Search Engine Optimization (SEO) for Institutional Repositories Webinar Recording Available
This webinar provided SEO techniques for improving the indexing ratios of institutional repositories in Google Scholar. More...

Looking Beyond the Quarter...

OCLC Research Webinar: "Wikipedia and Libraries: What's the Connection?" (#orwikipedia)
31 July 2012
Online via WebEx
OCLC Research TAI CHI Webinar: Umlaut (#orumlaut)
1 August 2012
Online via WebEx

OCLC Researcher Spotlight—Carol Jean Godby and Language Processing at OCLC Research

Carol Jean GodbyWhen I was a graduate student in linguistics at Ohio State in the early 1980s, I wasn’t too far removed from Noam Chomsky's seminal work published in the 1950s and 60s that introduced important concepts to linguistics as well as the fledgling discipline of computer science. He worked out the mathematics that answer questions about what makes grammars simple or complex and what makes human language different from formal logic and computer languages. Chomsky and his students so revolutionized the study of linguistics that thousands of his students and grand-students (me, among them) could spend the next sixty years studying language as an empirical discipline with a strong conceptual framework that can be analyzed with computational rigor.

Nearly all of my work at OCLC has had a linguistic underpinning. I have led projects on vocabulary extraction in full text, prompted by the linguist’s question: what is a word, and how is that different from a phrase? In other words, how do we algorithmically pluck vocabulary from streams of text that might be useful to record in a dictionary or terminology list? And how do we map it to controlled vocabularies managed by librarians?

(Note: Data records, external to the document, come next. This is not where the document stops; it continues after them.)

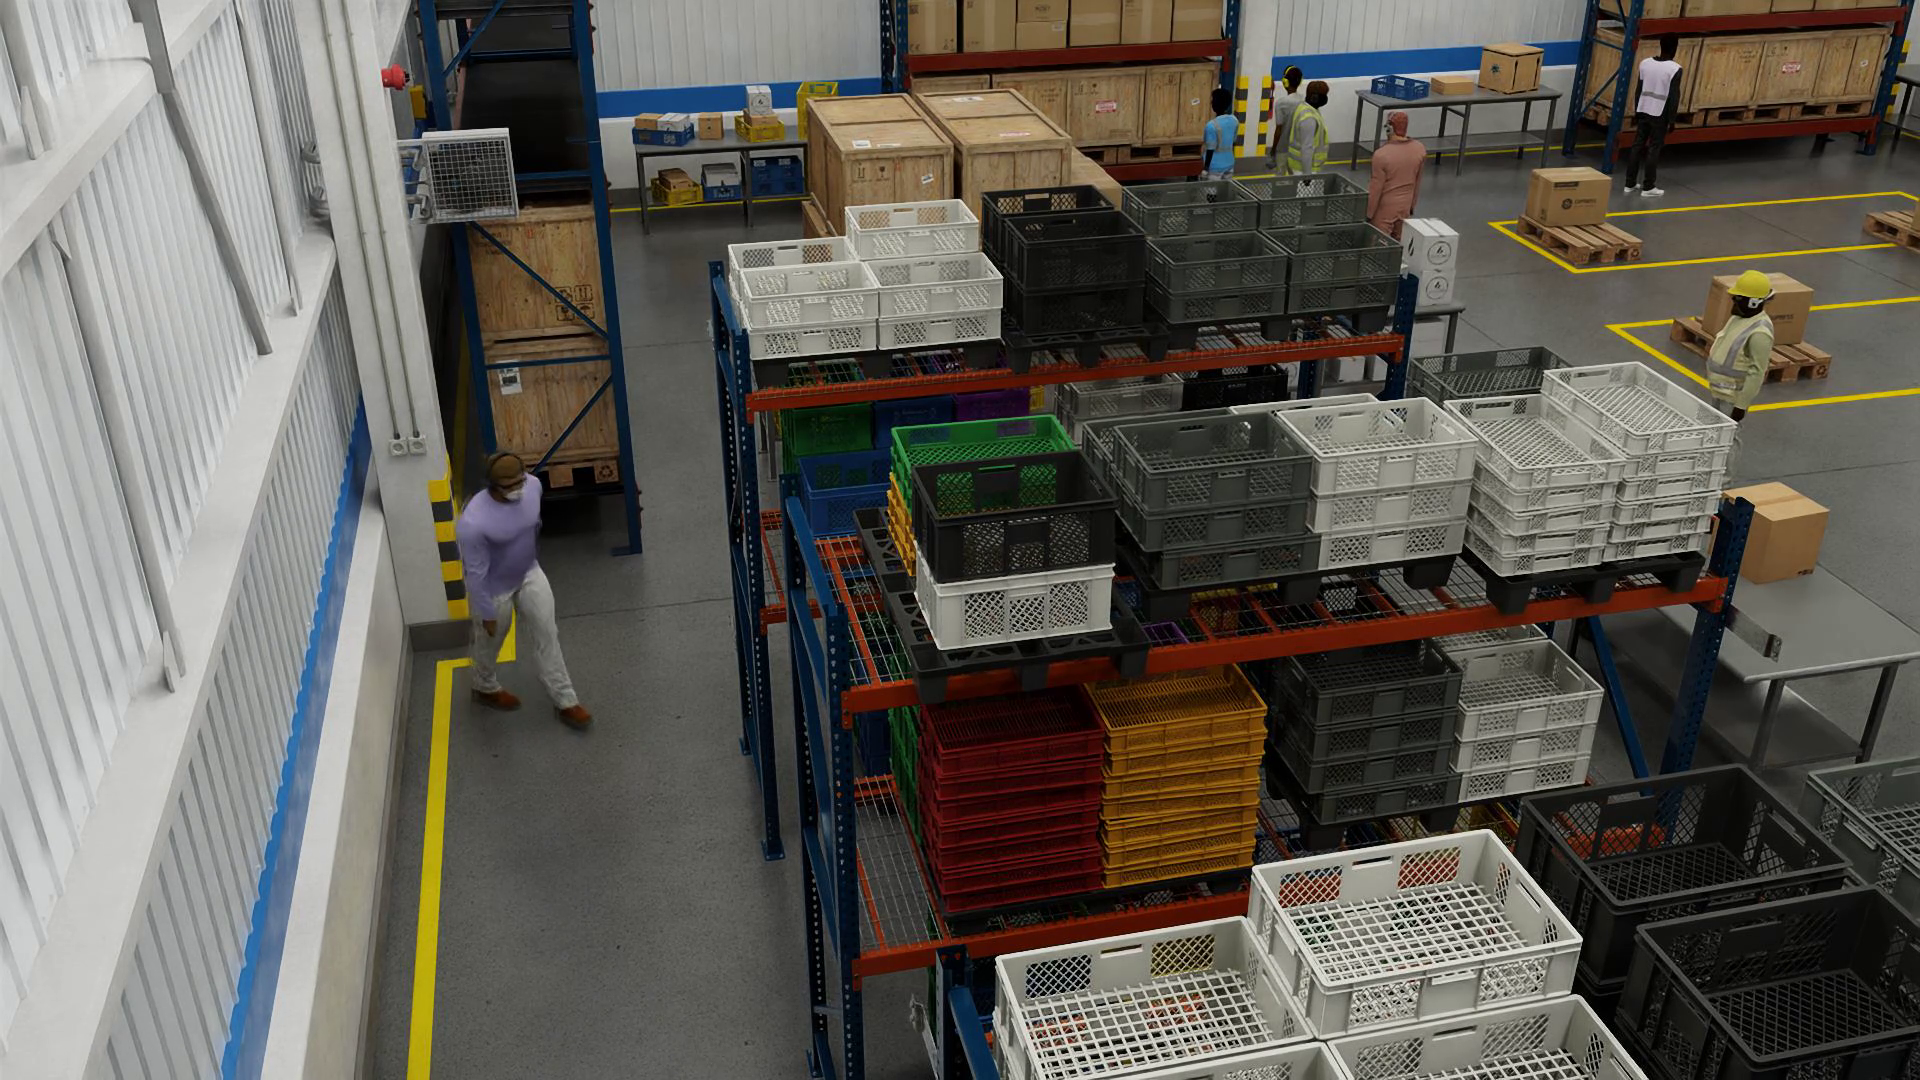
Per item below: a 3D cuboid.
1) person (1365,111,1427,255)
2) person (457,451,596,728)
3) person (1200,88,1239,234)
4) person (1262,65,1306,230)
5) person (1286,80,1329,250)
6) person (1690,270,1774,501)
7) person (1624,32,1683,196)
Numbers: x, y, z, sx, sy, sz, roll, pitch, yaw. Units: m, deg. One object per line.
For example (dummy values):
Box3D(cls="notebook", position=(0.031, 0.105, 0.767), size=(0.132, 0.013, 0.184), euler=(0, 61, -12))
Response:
Box3D(cls="person", position=(4.266, -3.311, 16.561), size=(0.639, 1.907, 0.406), euler=(-14, 31, -24))
Box3D(cls="person", position=(-2.618, 0.283, 9.785), size=(0.980, 1.863, 0.657), euler=(18, 33, 31))
Box3D(cls="person", position=(2.829, -4.103, 18.281), size=(0.317, 1.695, 0.540), euler=(23, 36, 37))
Box3D(cls="person", position=(3.645, -4.327, 18.529), size=(0.535, 1.864, 0.309), euler=(-15, 31, -27))
Box3D(cls="person", position=(3.770, -4.072, 18.083), size=(0.430, 1.834, 0.643), euler=(4, 28, 8))
Box3D(cls="person", position=(5.804, -1.144, 12.523), size=(0.404, 1.830, 0.602), euler=(4, 28, 7))
Box3D(cls="person", position=(8.325, -5.104, 19.947), size=(0.391, 1.920, 0.593), euler=(-16, 32, -28))

Name extraction is a special and particularly important case of vocabulary extraction. It's not always easy to automatically recognize and extract useful names of people, places, groups, organizations, etc. from text. OCLC or Google might be easy-to-recognize names, but how on earth is a computer supposed to recognize “Paul Milstein Division of United States History, Local History and Genealogy,” a business unit of the New York Public Library, as the name of a single ‘thing’? When we can successfully carry out these tasks, though, we can provide a whole new set of tools for discovery. Our work on names and authority files here at OCLC has led, among other things, to WorldCat Identities, which provides a way to search for works by and about named entities.

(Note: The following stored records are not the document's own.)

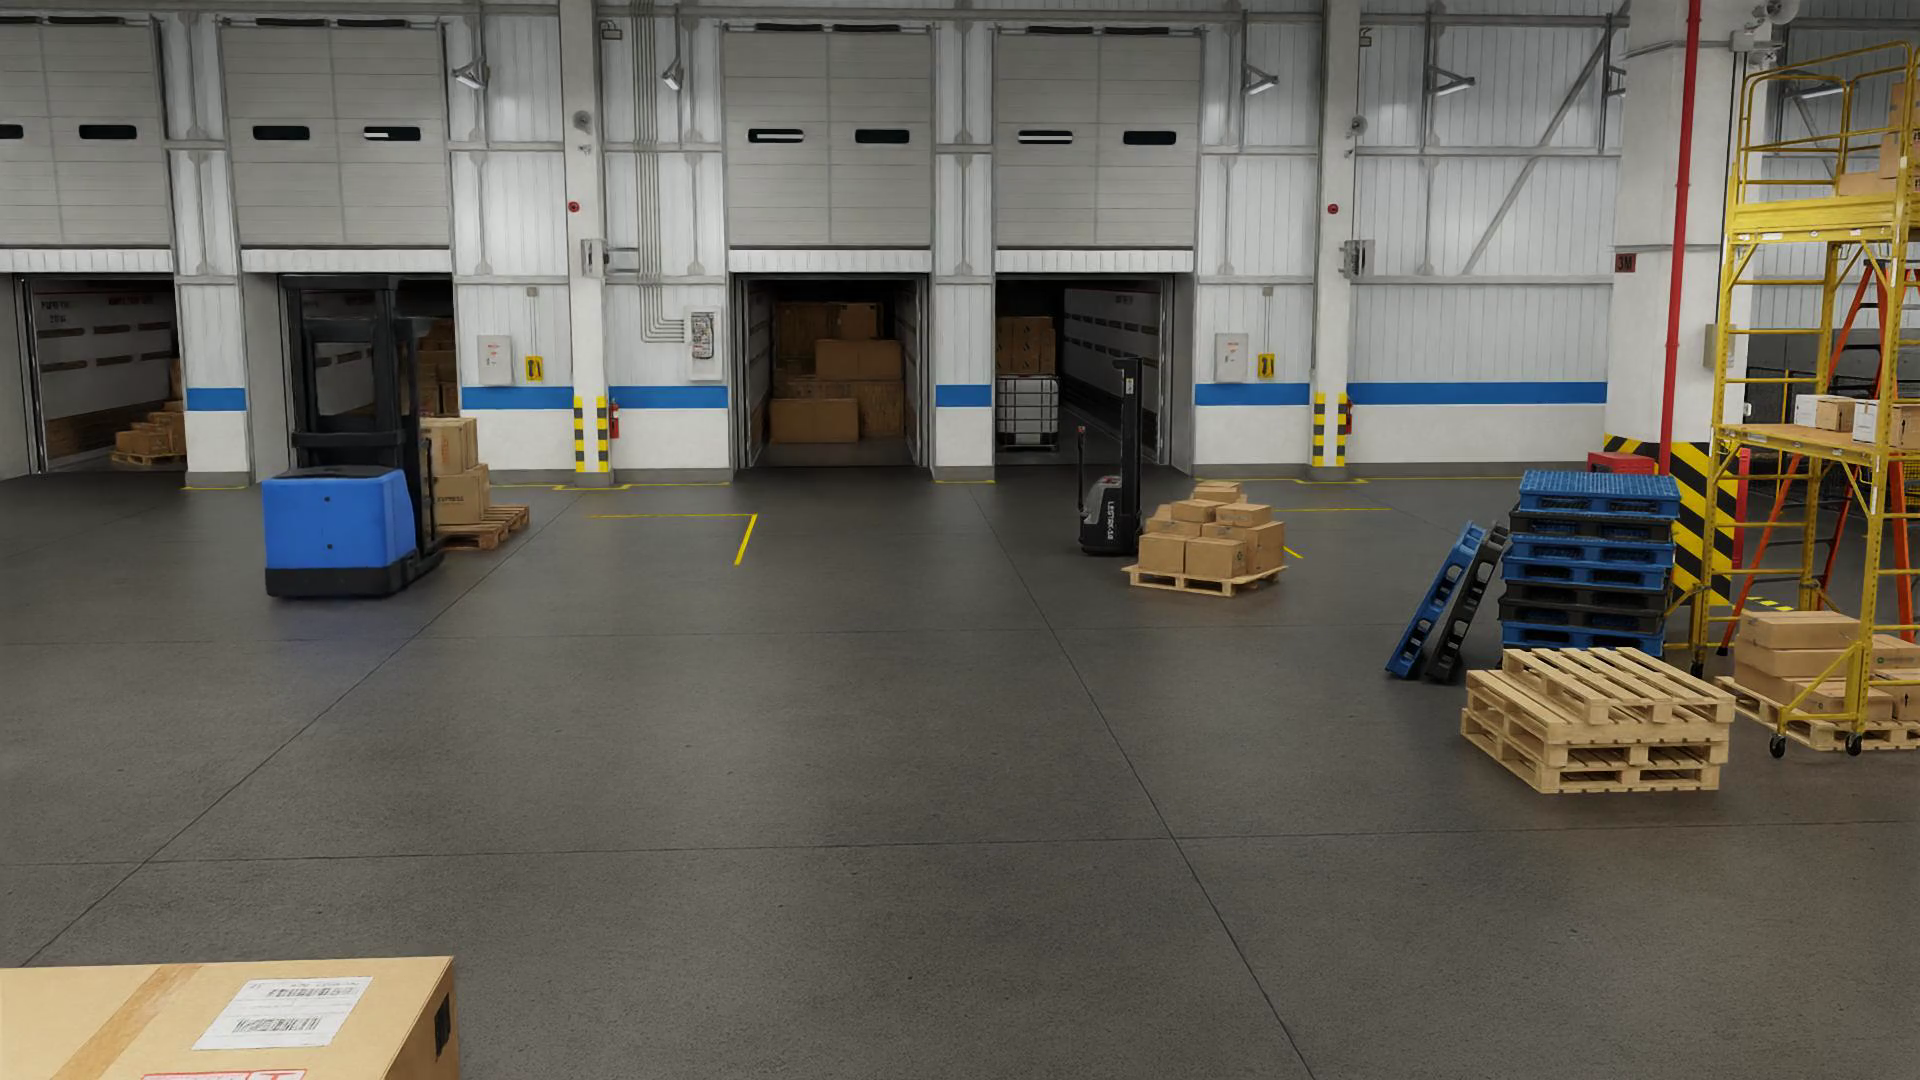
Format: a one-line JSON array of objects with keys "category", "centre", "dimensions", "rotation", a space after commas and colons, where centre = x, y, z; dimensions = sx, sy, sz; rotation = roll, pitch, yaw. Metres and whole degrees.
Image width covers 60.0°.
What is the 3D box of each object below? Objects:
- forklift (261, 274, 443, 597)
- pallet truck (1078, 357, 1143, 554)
[{"category": "forklift", "centre": [-5.507, -0.992, 14.977], "dimensions": [1.129, 2.768, 1.873], "rotation": [-1, 9, -4]}, {"category": "pallet truck", "centre": [2.088, -0.836, 16.757], "dimensions": [1.885, 1.965, 0.823], "rotation": [2, 9, 13]}]

My work on metadata mapping is also a linguistic problem. It is prompted by the linguist’s questions about the nature of translation. Are two expressions ever truly synonymous? And why do multiple 'languages' exist in the first place? The solution encoded in the Crosswalk model, to which our recent work on mapping ONIX to MARC is an input, is to create a "bilingual dictionary" into which library metadata standards can be mapped. Once the concepts have been translated, they are shipped off to other software processes that express them in the native format specified by the standard. In linguistic terms, we solve the problem by separating syntax from semantics – which Noam Chomsky taught both linguists and computer scientists how to do.

My current interest in conceptual modeling is also a linguistic problem. Stepping back from the Crosswalk work, my colleagues and I are now asking what is a title, an item, a copy, a holding, an institution, a library, or a vendor? How do they relate to each other? How have they evolved over time? And how can we ensure that our software processes reflect the same understanding of these important concepts? This work is important for ensuring consistency and transparency of OCLC's products and services.

I like to think that we start with the same questions Chomsky did. What concepts do our systems rely on? How can we model them in ways that allow for better communication between them? How do we start with complex, analytical models but then deliver a coherent view that's useful to our communities of users?